Tweaks to amd64 emitter by xclerc · Pull Request #1490 · ocaml/ocaml

xclerc · 2017-11-23T13:57:58Z

This PR suggests the following changes to amd64/emit.mlp in order to
emit shorter instructions when possible:

when moving a known constant to a register;
when and-ing a register with a known constant;
when xor-ing a register with itself.

These changes are based on the fact that when using a 32-bit register,
the lower part is used to performed the actual computation while the
higher part is cleared.

This PR also disables inc/dec instructions, as suggested by the Intel
manual because, contrary to add/sub instructions, they do not set all
flags, which can in turn add data dependencies.

(The PR is split into multiple commit to easily apply only a subset.)

alainfrisch · 2017-11-23T14:15:38Z

Does this come from aesthetic considerations, or did you observe noticeable reductions in code size? If so, please share your findings!
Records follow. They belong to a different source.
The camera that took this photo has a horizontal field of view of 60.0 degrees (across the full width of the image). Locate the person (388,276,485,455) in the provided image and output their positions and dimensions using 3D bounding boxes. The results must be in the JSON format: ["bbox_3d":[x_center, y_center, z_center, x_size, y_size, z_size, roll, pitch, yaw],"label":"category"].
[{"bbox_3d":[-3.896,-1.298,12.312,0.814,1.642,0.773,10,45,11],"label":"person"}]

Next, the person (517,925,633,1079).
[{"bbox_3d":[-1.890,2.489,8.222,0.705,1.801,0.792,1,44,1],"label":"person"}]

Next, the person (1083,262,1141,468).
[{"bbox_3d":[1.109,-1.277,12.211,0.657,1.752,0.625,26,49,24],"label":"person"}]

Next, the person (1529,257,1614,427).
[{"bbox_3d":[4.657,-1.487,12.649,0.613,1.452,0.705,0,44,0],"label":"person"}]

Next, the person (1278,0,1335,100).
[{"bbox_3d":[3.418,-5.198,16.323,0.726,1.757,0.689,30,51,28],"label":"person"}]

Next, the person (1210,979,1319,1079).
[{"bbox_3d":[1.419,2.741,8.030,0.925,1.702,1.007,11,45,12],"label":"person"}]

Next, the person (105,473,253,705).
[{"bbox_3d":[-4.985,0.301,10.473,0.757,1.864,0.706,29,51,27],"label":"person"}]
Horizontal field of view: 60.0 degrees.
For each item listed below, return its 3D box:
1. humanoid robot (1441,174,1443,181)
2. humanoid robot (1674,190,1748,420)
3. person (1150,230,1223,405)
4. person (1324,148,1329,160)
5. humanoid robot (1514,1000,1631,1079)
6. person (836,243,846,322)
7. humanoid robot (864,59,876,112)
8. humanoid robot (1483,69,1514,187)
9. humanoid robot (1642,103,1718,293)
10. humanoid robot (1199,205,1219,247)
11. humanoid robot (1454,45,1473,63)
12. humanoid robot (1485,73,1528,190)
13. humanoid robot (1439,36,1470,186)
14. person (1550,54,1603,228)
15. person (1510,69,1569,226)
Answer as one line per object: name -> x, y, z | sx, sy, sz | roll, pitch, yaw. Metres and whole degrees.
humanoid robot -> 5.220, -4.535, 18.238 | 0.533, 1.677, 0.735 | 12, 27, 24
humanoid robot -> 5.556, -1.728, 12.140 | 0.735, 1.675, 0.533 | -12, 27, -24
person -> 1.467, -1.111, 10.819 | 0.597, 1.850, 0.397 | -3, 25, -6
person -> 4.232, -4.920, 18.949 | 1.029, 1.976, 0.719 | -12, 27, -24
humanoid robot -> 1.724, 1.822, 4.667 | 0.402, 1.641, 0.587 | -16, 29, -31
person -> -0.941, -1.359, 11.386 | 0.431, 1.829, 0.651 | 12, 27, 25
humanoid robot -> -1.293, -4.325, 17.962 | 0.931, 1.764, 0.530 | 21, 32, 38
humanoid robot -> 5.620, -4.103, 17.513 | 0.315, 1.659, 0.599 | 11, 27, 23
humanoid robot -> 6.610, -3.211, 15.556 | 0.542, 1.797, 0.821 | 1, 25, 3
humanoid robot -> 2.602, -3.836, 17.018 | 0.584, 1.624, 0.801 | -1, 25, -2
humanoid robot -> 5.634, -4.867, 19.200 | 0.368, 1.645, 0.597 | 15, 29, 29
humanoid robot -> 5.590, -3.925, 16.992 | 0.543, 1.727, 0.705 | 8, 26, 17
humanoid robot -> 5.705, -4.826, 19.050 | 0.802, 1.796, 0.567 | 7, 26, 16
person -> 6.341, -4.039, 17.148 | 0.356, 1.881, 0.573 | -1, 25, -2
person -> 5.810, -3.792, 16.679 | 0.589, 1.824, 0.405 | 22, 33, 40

xclerc · 2017-11-23T14:34:46Z

These changes are part of a larger patch we successfully
tested against the critical path of one of our applications.
However we did not test of these changes individually;
I will add a variant on [1] to ensure there is no regression.

[1] https://github.com/OCamlPro/ocamlbench-repo

xclerc · 2017-11-24T09:07:30Z

It just occurred to me that the following rewrites should probably
be enabled iff fast_code is false:

mov ~> mov+cdqe;
mov ~> mov+sal.

(We could also ban inc/dec instructions iff fast_code is true.)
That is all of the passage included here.